**Task objective:** Go through the entries, filter for the word "first", and copy every line that has it.

**Stored entries:**

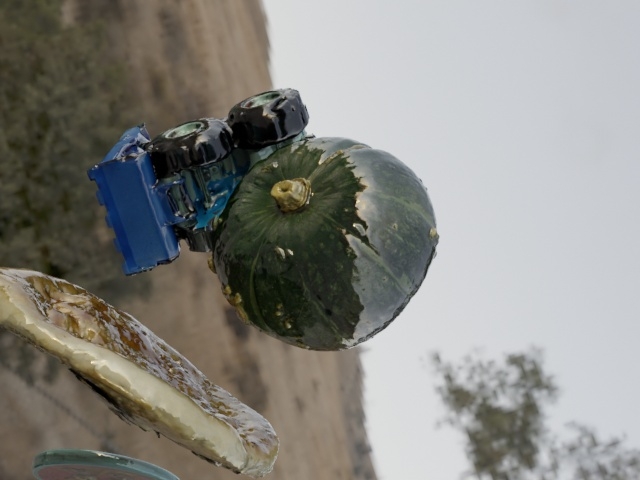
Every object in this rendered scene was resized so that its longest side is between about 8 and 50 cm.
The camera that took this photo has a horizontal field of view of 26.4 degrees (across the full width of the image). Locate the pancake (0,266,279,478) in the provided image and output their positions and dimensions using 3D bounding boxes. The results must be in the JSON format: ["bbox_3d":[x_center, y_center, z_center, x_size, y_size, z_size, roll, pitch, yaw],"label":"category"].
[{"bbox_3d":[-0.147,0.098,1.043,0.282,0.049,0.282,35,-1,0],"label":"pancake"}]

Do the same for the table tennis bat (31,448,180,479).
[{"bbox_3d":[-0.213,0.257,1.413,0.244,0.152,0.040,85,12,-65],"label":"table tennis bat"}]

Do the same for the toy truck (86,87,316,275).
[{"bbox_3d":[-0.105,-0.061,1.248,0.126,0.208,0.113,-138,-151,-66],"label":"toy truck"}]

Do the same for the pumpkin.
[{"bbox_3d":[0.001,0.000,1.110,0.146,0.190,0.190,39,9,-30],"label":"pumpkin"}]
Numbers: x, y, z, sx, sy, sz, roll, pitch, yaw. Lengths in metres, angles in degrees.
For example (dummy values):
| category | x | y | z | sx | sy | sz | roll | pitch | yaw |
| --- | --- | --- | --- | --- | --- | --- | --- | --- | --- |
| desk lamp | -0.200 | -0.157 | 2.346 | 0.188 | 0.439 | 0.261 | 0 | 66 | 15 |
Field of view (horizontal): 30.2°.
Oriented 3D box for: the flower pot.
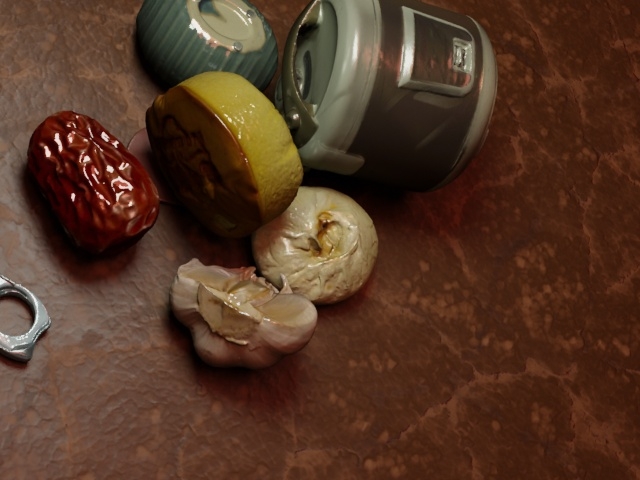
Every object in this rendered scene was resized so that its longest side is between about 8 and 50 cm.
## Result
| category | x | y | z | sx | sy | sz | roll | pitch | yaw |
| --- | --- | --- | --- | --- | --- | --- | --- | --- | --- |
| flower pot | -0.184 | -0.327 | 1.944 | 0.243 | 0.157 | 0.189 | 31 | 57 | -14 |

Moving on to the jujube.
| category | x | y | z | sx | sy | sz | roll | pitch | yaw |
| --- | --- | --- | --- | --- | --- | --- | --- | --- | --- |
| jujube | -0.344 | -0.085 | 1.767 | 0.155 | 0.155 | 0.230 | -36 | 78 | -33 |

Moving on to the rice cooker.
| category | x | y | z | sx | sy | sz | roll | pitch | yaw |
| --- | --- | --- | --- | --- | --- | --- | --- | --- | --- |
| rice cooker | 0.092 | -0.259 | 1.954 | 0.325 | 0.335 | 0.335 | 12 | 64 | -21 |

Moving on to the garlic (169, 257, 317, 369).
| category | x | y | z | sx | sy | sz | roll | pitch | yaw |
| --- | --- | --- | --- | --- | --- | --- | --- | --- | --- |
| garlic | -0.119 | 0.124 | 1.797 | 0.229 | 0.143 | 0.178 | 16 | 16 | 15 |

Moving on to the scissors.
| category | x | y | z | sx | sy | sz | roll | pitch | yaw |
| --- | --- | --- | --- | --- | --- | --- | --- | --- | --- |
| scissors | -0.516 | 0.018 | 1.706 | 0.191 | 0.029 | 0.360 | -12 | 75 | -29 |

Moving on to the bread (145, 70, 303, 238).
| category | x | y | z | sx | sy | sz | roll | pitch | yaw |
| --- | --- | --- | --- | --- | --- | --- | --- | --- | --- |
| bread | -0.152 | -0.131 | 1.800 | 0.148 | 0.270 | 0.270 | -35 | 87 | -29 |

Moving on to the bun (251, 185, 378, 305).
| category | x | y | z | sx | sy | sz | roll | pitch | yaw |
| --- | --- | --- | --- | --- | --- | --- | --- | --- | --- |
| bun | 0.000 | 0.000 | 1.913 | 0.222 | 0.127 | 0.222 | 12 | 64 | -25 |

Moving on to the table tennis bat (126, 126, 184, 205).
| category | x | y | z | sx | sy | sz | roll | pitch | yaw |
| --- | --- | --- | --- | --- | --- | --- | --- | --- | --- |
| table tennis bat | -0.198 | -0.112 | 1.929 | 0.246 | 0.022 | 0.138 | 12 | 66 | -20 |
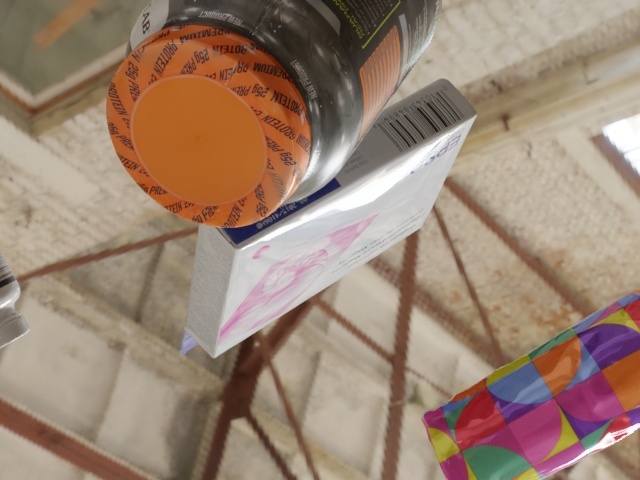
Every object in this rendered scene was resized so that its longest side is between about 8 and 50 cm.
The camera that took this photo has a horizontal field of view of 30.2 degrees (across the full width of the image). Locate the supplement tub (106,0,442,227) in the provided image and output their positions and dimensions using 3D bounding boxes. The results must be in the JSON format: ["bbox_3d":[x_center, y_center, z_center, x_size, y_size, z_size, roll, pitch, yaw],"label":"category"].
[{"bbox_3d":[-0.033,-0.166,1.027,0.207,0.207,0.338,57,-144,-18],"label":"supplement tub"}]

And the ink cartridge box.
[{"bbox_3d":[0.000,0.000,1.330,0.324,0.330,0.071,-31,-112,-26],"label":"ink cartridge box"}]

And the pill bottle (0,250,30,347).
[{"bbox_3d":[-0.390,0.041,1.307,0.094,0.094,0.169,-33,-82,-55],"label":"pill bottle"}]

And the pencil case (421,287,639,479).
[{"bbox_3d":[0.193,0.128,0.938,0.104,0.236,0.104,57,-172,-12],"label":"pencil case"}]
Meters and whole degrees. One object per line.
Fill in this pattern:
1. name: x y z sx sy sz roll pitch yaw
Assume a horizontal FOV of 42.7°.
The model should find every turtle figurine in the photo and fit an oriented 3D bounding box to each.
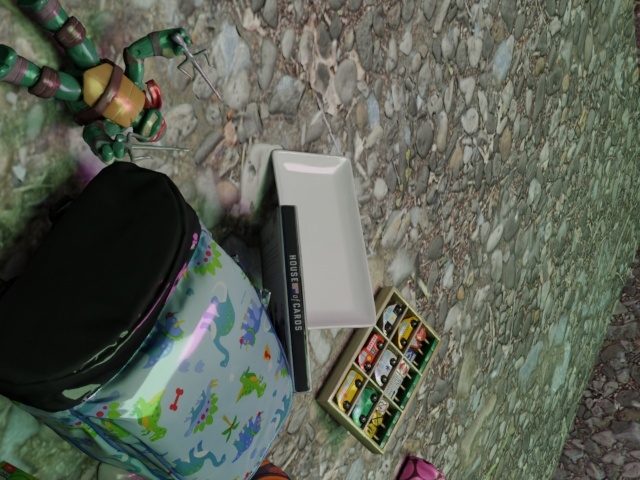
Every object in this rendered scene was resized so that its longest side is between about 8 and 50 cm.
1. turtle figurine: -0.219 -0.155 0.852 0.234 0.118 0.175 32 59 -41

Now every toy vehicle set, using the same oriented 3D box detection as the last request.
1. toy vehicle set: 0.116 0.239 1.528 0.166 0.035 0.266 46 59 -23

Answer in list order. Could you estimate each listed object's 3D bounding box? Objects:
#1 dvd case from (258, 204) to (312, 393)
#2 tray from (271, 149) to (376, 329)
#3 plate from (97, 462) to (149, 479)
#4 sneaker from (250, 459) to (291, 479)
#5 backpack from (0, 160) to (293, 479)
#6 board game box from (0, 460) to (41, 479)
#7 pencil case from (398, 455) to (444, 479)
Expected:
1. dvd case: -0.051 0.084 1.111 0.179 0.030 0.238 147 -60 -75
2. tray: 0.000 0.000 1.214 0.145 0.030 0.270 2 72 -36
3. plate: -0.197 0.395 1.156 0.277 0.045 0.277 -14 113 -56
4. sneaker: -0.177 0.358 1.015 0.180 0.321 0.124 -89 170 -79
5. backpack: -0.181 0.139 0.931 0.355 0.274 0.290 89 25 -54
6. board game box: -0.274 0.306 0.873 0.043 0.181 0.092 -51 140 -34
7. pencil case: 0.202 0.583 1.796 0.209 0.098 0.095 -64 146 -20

* * *

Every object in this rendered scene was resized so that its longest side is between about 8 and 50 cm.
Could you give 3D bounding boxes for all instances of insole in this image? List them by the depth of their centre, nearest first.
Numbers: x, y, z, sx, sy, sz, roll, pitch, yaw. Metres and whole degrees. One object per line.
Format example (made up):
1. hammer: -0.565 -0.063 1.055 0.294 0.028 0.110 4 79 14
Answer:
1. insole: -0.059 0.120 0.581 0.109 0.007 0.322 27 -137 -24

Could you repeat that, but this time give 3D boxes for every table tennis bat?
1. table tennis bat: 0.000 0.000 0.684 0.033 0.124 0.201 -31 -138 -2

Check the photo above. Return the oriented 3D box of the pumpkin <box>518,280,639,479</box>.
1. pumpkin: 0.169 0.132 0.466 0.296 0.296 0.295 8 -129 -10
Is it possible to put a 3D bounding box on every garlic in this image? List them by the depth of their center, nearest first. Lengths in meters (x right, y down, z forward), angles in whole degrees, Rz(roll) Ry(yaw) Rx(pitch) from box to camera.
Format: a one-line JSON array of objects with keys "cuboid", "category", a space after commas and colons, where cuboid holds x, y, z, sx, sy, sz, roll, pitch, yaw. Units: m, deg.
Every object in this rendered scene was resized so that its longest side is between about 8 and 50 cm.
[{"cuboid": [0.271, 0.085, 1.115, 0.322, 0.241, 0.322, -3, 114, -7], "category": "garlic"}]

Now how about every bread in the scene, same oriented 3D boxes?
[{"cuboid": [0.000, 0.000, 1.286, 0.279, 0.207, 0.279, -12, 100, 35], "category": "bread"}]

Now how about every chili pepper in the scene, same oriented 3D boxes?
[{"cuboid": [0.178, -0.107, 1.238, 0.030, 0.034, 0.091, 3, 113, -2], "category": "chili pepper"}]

...

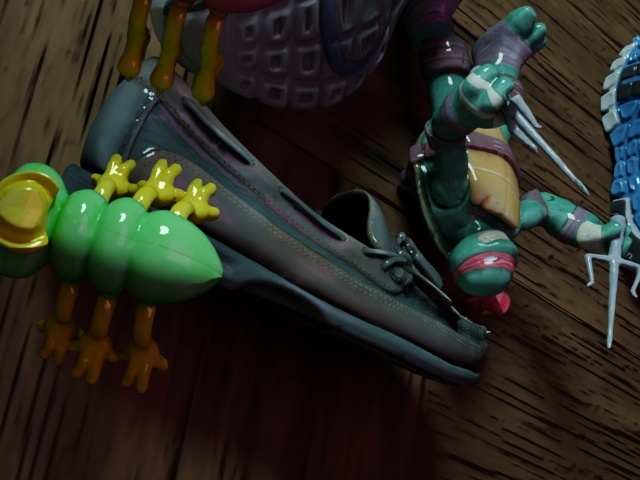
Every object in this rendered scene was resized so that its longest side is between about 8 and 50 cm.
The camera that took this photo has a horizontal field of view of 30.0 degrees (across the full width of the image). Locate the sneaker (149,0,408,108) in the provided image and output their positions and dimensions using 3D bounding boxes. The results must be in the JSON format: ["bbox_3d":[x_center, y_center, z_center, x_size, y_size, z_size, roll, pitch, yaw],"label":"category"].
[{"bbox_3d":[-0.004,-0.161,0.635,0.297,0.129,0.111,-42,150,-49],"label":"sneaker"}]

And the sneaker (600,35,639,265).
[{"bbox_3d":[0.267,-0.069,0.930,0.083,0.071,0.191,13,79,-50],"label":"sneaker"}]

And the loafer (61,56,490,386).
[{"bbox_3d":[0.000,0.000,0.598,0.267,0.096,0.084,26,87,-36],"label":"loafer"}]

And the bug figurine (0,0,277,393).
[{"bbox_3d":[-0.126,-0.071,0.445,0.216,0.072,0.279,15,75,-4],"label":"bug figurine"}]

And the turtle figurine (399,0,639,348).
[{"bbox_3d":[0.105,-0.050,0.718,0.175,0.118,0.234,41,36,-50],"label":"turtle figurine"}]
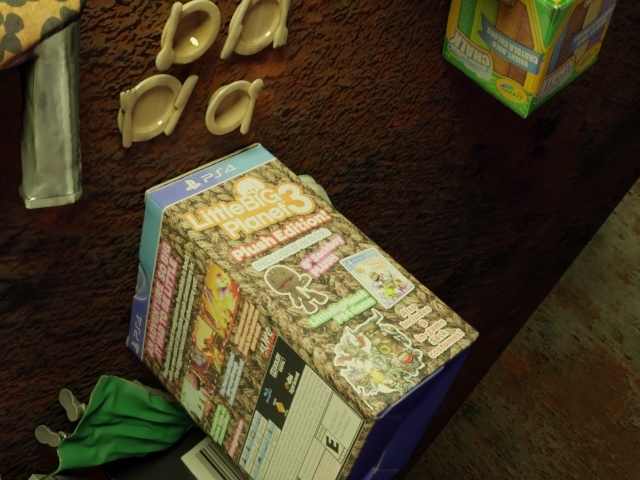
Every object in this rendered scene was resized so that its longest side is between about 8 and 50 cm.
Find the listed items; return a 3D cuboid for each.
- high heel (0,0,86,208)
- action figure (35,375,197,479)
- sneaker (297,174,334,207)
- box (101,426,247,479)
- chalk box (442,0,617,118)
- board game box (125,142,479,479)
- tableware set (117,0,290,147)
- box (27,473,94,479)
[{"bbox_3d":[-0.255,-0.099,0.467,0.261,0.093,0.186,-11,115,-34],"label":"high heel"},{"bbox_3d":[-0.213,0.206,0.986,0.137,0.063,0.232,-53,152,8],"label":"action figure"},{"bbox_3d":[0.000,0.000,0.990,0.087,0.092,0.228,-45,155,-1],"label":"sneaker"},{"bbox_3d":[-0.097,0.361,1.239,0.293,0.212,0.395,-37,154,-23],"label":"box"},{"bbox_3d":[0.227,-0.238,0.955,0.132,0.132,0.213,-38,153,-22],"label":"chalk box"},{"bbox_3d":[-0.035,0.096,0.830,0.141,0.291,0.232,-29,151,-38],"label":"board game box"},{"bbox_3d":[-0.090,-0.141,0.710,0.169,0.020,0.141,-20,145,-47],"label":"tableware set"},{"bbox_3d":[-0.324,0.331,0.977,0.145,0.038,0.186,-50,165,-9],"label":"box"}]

**Response below:**
Could you give 3D bounding boxes for all instances of insole in this image? List them by the depth of their centre, nearest first.
Is it possible to put a 3D bounding box on every garlic in this image? List them by the depth of their center, nearest first. Lengths in meters (x right, y down, z forward), angles in whole degrees, Rz(roll) Ry(yaw) Rx(pitch) from box to camera.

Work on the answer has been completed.